There will be no artificial fan noise. NBC hopes the sounds of the game and the background scenery paint a picture worth much more than a thousand words. Boucher, who played six of his 13 NHL seasons for the Flyers, is looking forward to the two drones which will hover the rink.

“If we can get those cameras close enough to the ice, maybe we can create that same feeling you get at a game live,” he said. “Maybe that will hook some fans who maybe aren’t fans or who are casual fans.”

» READ MORE: Amid a COVID-19 outbreak, all the Flyers can do is what all of us do: plow ahead and hope | Mike Sielski

The great outdoors

  1. This will be James van Riemsdyk’s seventh outdoor game, setting a record he currently shares with Patrick Kane, Duncan Keith, Brent Seabrook and Jonathan Toews. JVR’s teams are 3-3 with two wins in overtime and another in a shootout.

  2. Will be played (pant, pant) 6,224 feet above sea level.

  3. Teams that have participated in outdoor games have reached the Stanley Cup Finals each of the last four years, which makes sense. They don’t invite bad teams to these games.

  4. The rink for this weekend’s games has been built on the 18th hole of the Edgewood Tahoe Resort, making it the first NHL game played on a golf course. Of the previous 30 outdoor games, 19 were held at football stadiums, 10 at baseball parks and one at a soccer facility.

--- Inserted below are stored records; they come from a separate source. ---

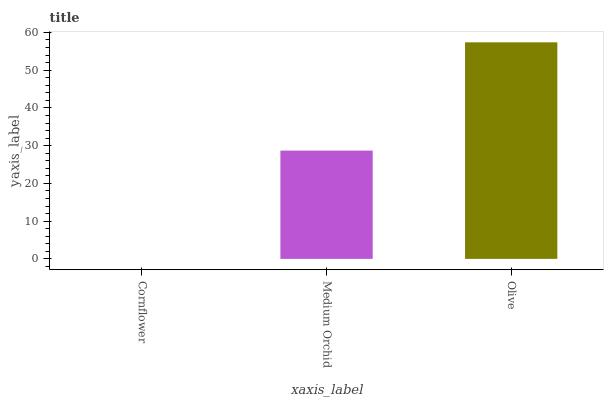Is Cornflower the minimum?
Answer yes or no. Yes. Is Olive the maximum?
Answer yes or no. Yes. Is Medium Orchid the minimum?
Answer yes or no. No. Is Medium Orchid the maximum?
Answer yes or no. No. Is Medium Orchid greater than Cornflower?
Answer yes or no. Yes. Is Cornflower less than Medium Orchid?
Answer yes or no. Yes. Is Cornflower greater than Medium Orchid?
Answer yes or no. No. Is Medium Orchid less than Cornflower?
Answer yes or no. No. Is Medium Orchid the high median?
Answer yes or no. Yes. Is Medium Orchid the low median?
Answer yes or no. Yes. Is Cornflower the high median?
Answer yes or no. No. Is Cornflower the low median?
Answer yes or no. No. 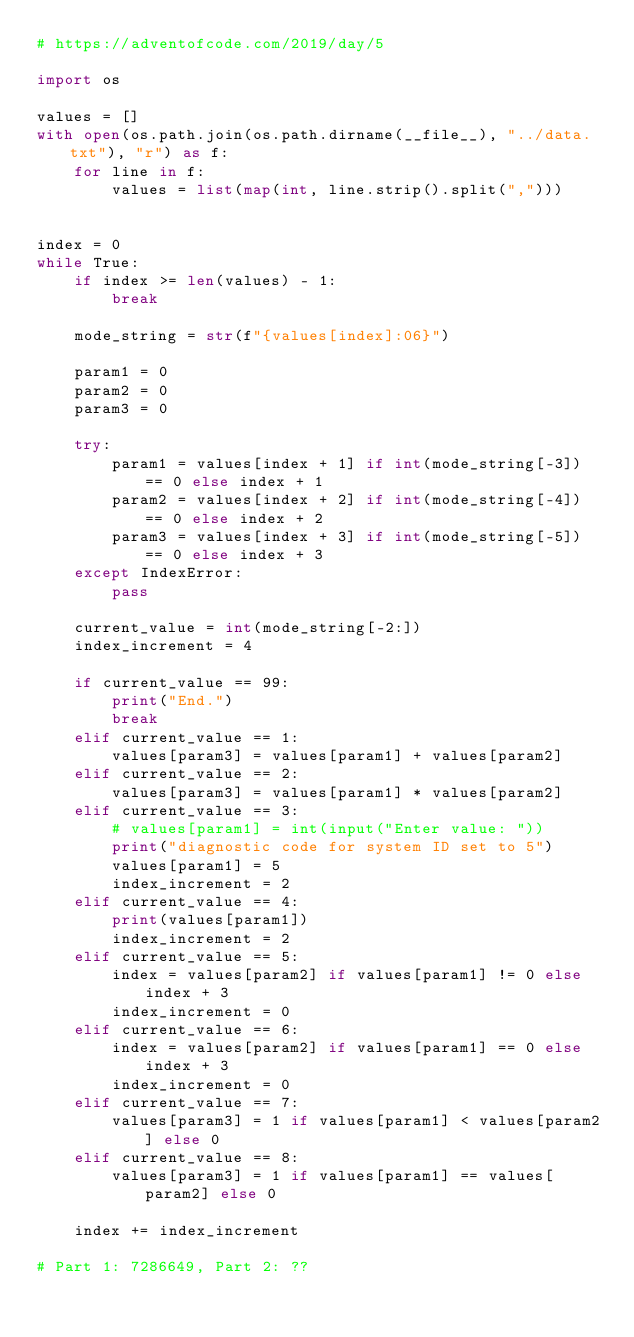Convert code to text. <code><loc_0><loc_0><loc_500><loc_500><_Python_># https://adventofcode.com/2019/day/5

import os

values = []
with open(os.path.join(os.path.dirname(__file__), "../data.txt"), "r") as f:
    for line in f:
        values = list(map(int, line.strip().split(",")))


index = 0
while True:
    if index >= len(values) - 1:
        break

    mode_string = str(f"{values[index]:06}")

    param1 = 0
    param2 = 0
    param3 = 0

    try:
        param1 = values[index + 1] if int(mode_string[-3]) == 0 else index + 1
        param2 = values[index + 2] if int(mode_string[-4]) == 0 else index + 2
        param3 = values[index + 3] if int(mode_string[-5]) == 0 else index + 3
    except IndexError:
        pass

    current_value = int(mode_string[-2:])
    index_increment = 4

    if current_value == 99:
        print("End.")
        break
    elif current_value == 1:
        values[param3] = values[param1] + values[param2]
    elif current_value == 2:
        values[param3] = values[param1] * values[param2]
    elif current_value == 3:
        # values[param1] = int(input("Enter value: "))
        print("diagnostic code for system ID set to 5")
        values[param1] = 5
        index_increment = 2
    elif current_value == 4:
        print(values[param1])
        index_increment = 2
    elif current_value == 5:
        index = values[param2] if values[param1] != 0 else index + 3
        index_increment = 0
    elif current_value == 6:
        index = values[param2] if values[param1] == 0 else index + 3
        index_increment = 0
    elif current_value == 7:
        values[param3] = 1 if values[param1] < values[param2] else 0
    elif current_value == 8:
        values[param3] = 1 if values[param1] == values[param2] else 0

    index += index_increment

# Part 1: 7286649, Part 2: ??
</code> 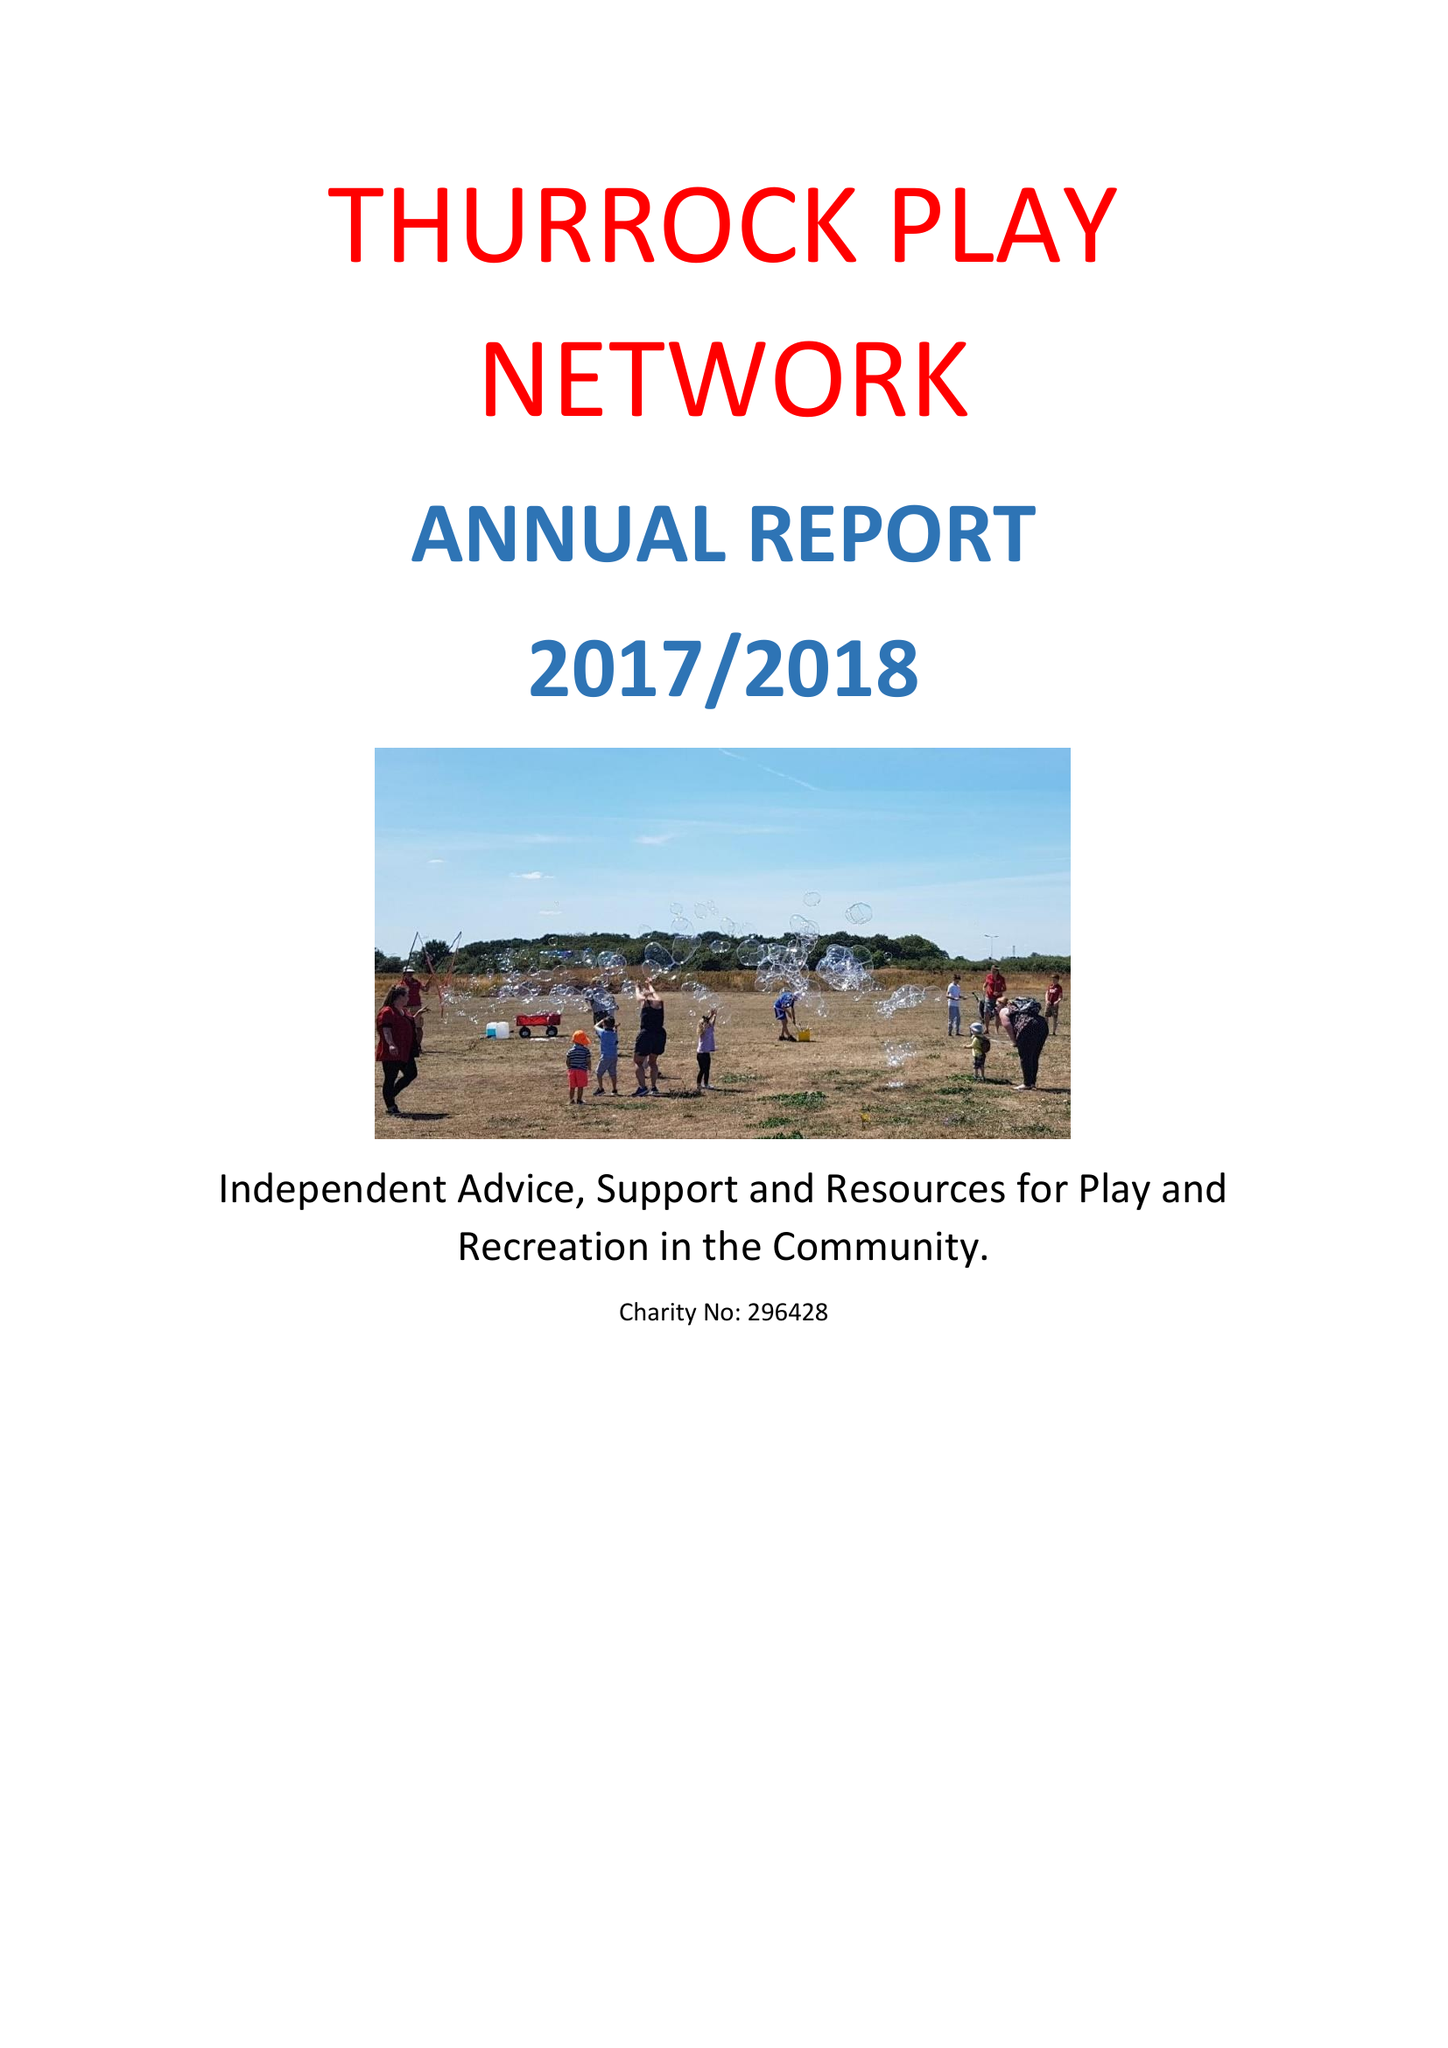What is the value for the address__post_town?
Answer the question using a single word or phrase. GRAYS

  5. The Flyers are 1-2-1 outdoors, with the only victory in 2019 at Lincoln Financial Field when Claude Giroux scored in overtime to beat the Penguins.

  6. The average attendance is 54,069 – which is about the size of three Wells Fargo Center crowds. Fans will not be attending this weekend’s games in Lake Tahoe.

  7. Alain Vigneault (3-0) is the only coach with three wins in outdoor games. All came while he was with the Rangers.

  8. Patrice Bergeron, David Krejci and Tuukka Rask were Bruins in 2010 when they played the Flyers at Fenway Park. Claude Giroux and James van Riemsdyk played for the Flyers. Joel Farabee was 9 years old.

  9. Twelve of the 30 outdoor games have been decided by one goal. Three of the four Flyers-Bruins games this season also were one-goal decisions.

  10. The average temperature for Stateline, the Nevada town where the Edgewood Tahoe Resort is, is 44.6 degrees, according to AccuWeather.com. The call for Sunday morning is dry, mostly sunny, 37 degrees with 6-mph winds.